# p1182, p1183 - Codes after Header isntall with sim. What to do? HELP!



## mvrk10256 (Nov 5, 2009)

so i did a complete header install, and simmed the post cats properly. That night i was driving on the highway and coasted in neutral after i exited (about 2 am completely empty road). My CEL light comes on, I am like . I chekc the codes and it seems the sim is ok since I get the fallowing codes. What does that even mean? the car runs great, pulls hard, drove home just fine from that point.

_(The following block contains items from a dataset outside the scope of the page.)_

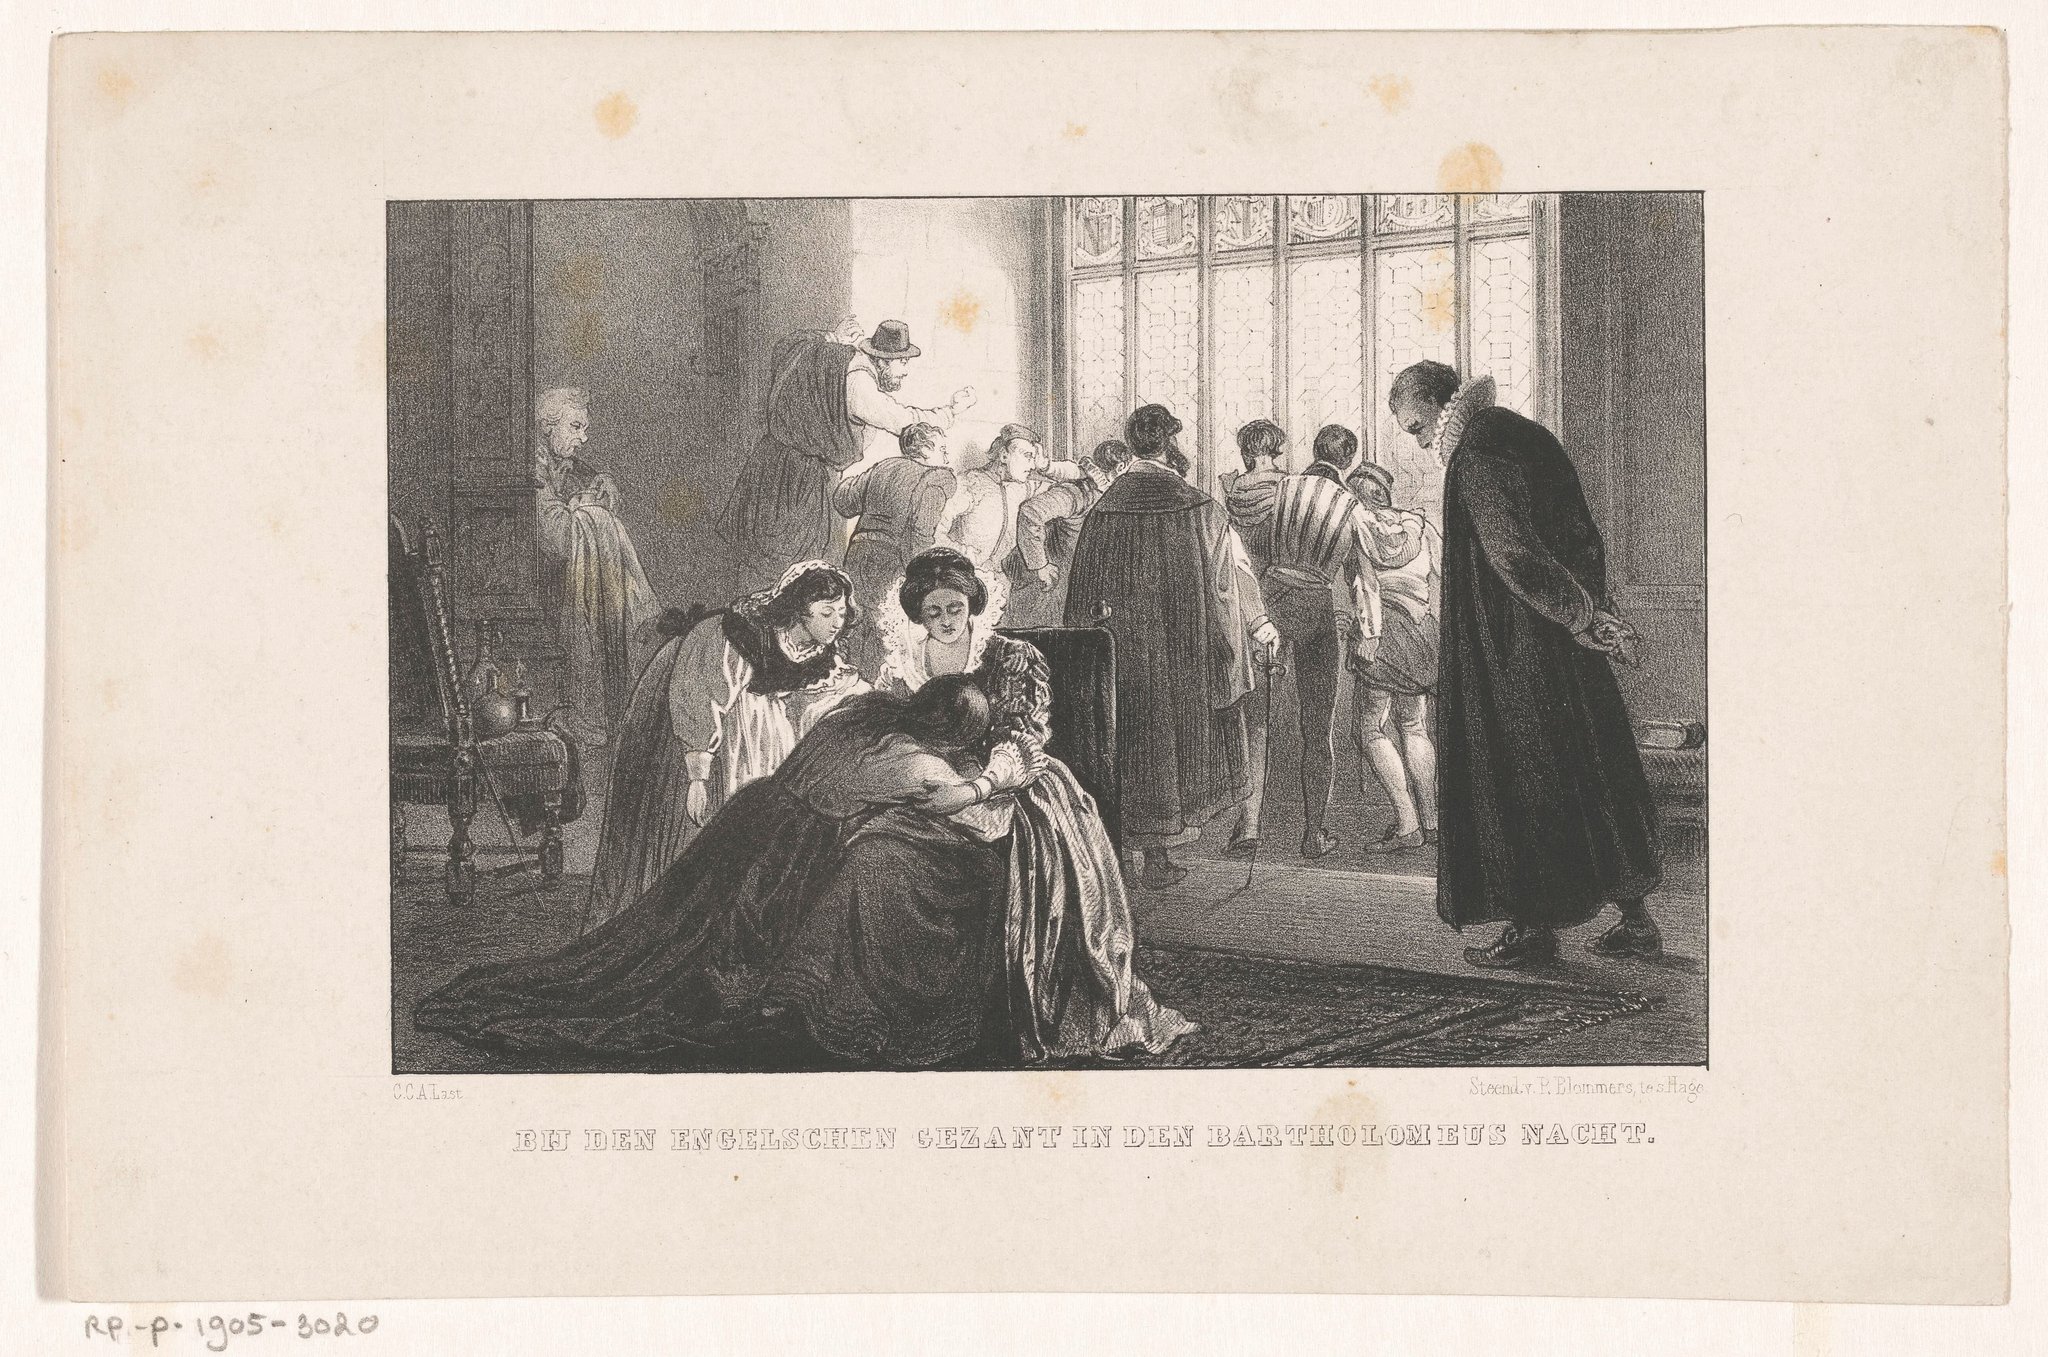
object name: print
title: By den Engelschen gezant in den Bartholomeus nacht
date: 1842-1887
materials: paper
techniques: lithograph
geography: the hague
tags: communal rooms, weeping, human figure at (open) window, seen from inside
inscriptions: collector's mark: Lugt 2228
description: In een interieur drommen mannen voor het raam om naar buiten te kijken. In de voorgrond drie vrouwen. Een van hen huilt in de schoot van een ander.
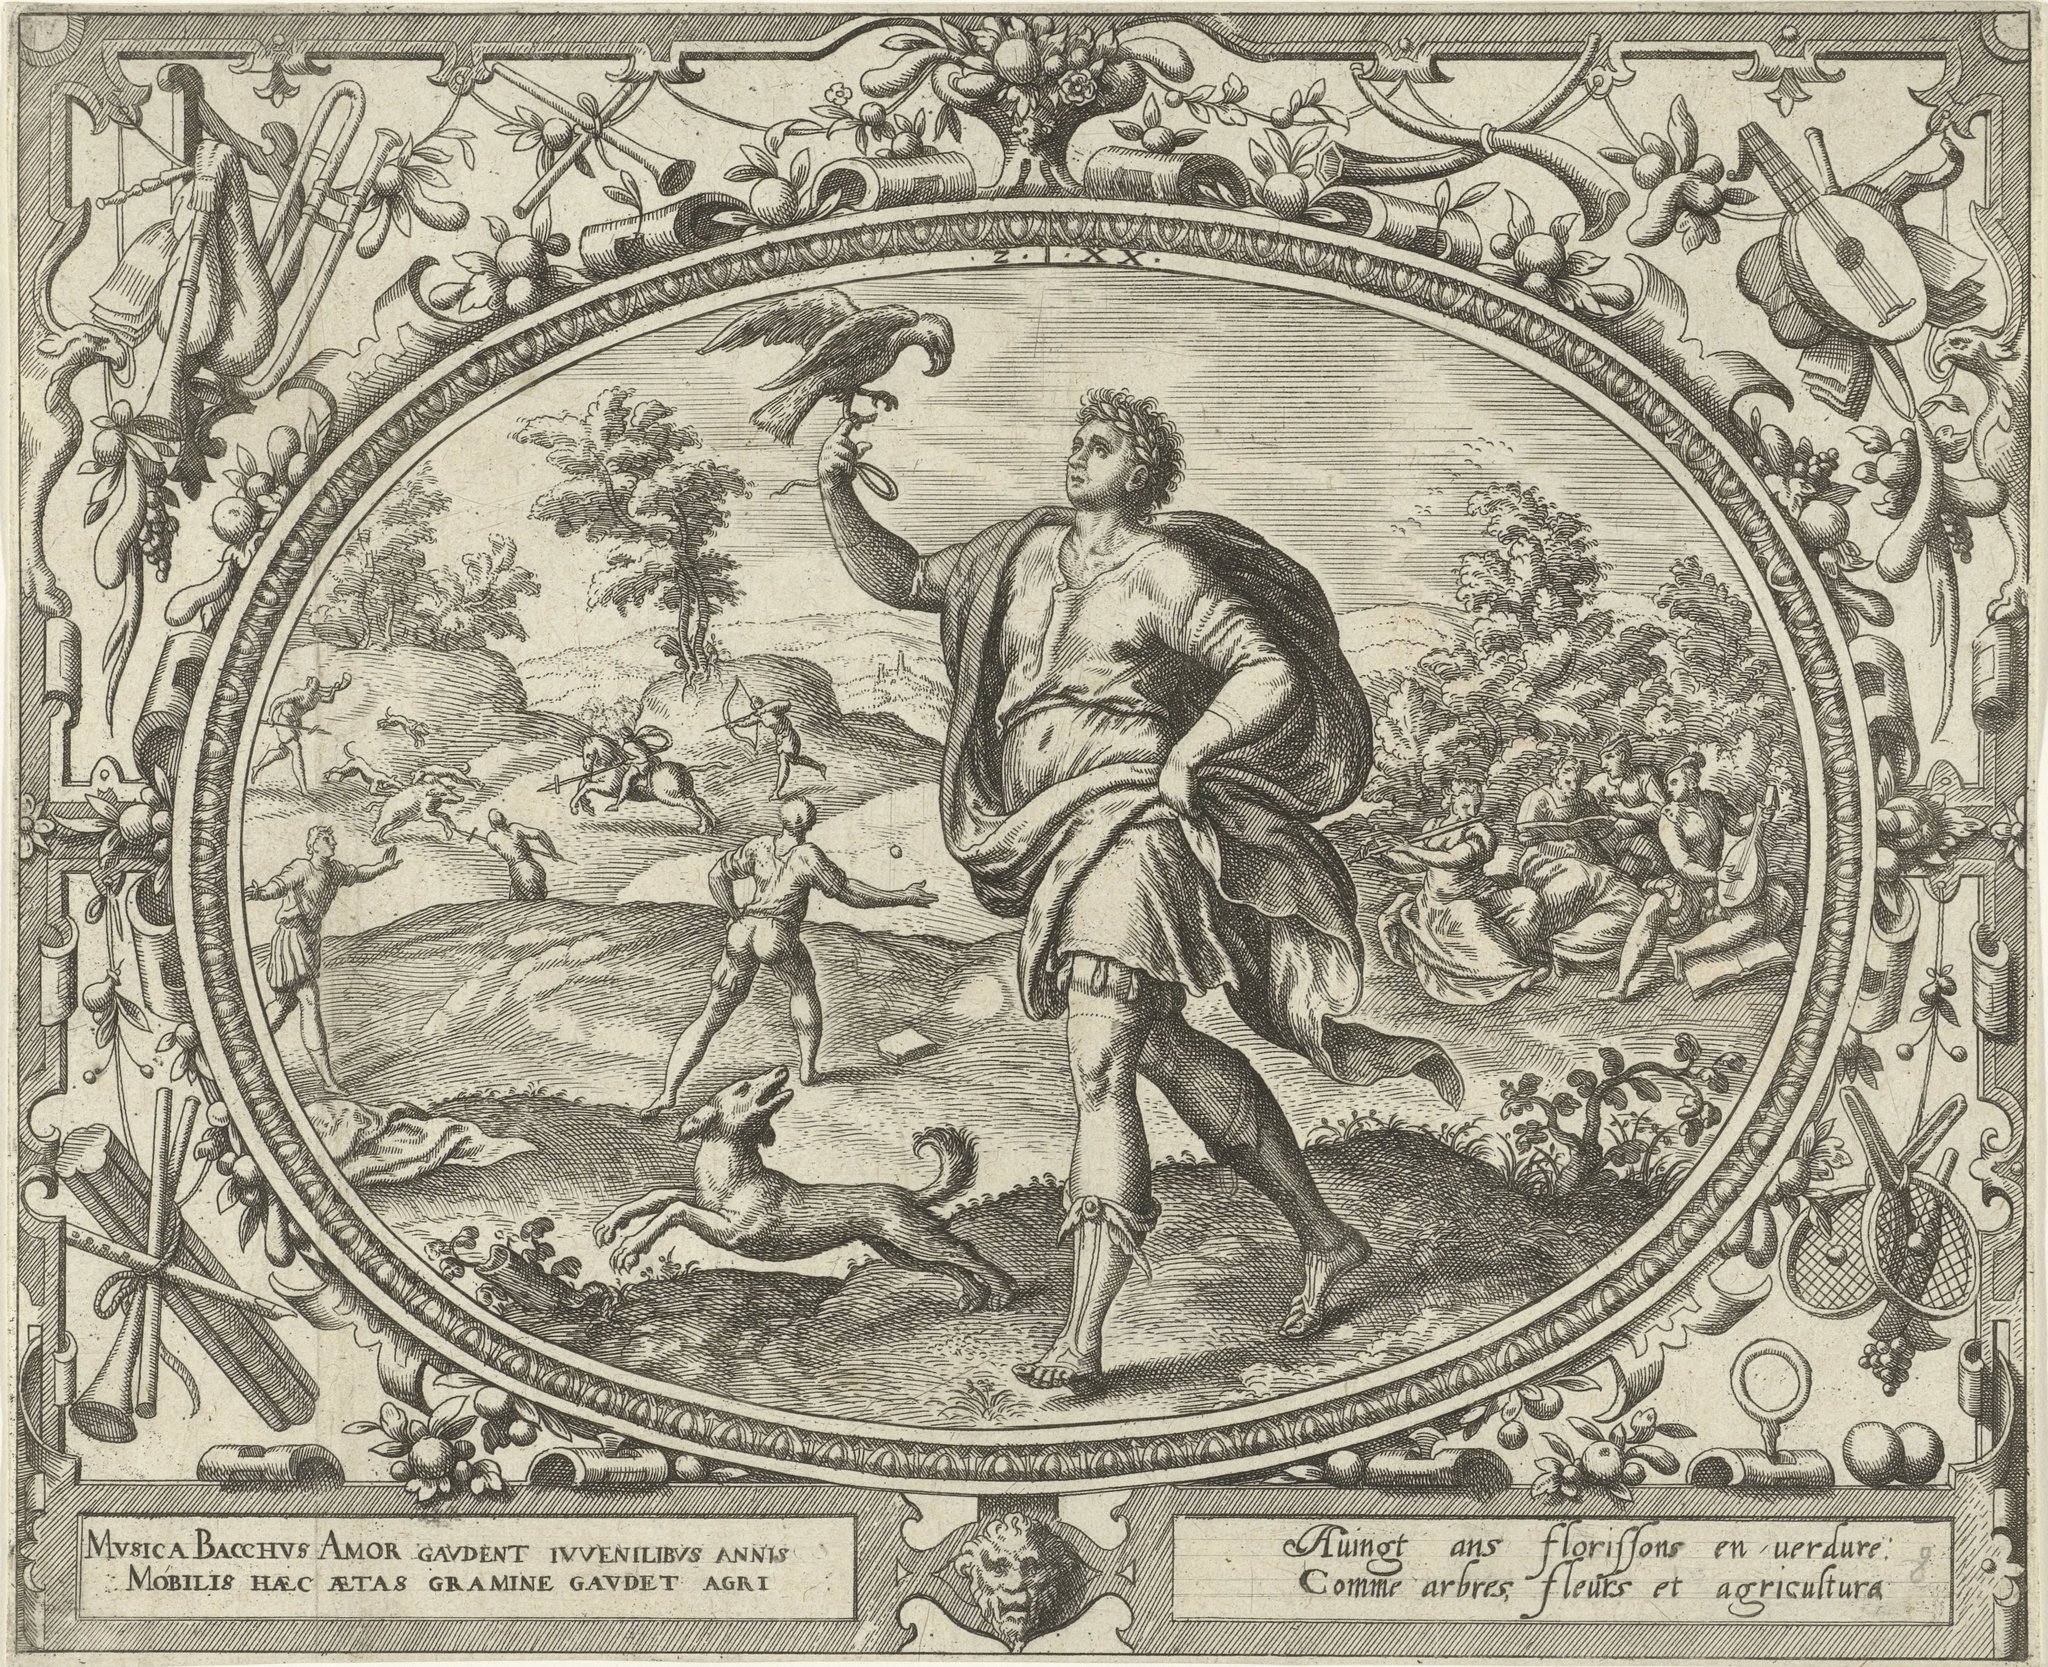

P1182 O2 Sensor(Bank 1 Sensor 2) Open Circuit During Coast Down Fuel Cut-off
P1183 O2 Sensor(Bank 2 Sensor 2) Open Circuit During Coast Down Fuel Cut-off

These refer to the simmed post cat o2 sensors right? they were relocated to the drug bin so they cant be sensing anything. 


What is this? how do i fix this? give me a good solution and I will add it to my everything you need to know about headers thread.


Thanks guys


----------



## mvrk10256 (Nov 5, 2009)

morning :bump:


----------



## mvrk10256 (Nov 5, 2009)

bump


----------



## mvrk10256 (Nov 5, 2009)

comeon guys there has to be someone who can help me.


----------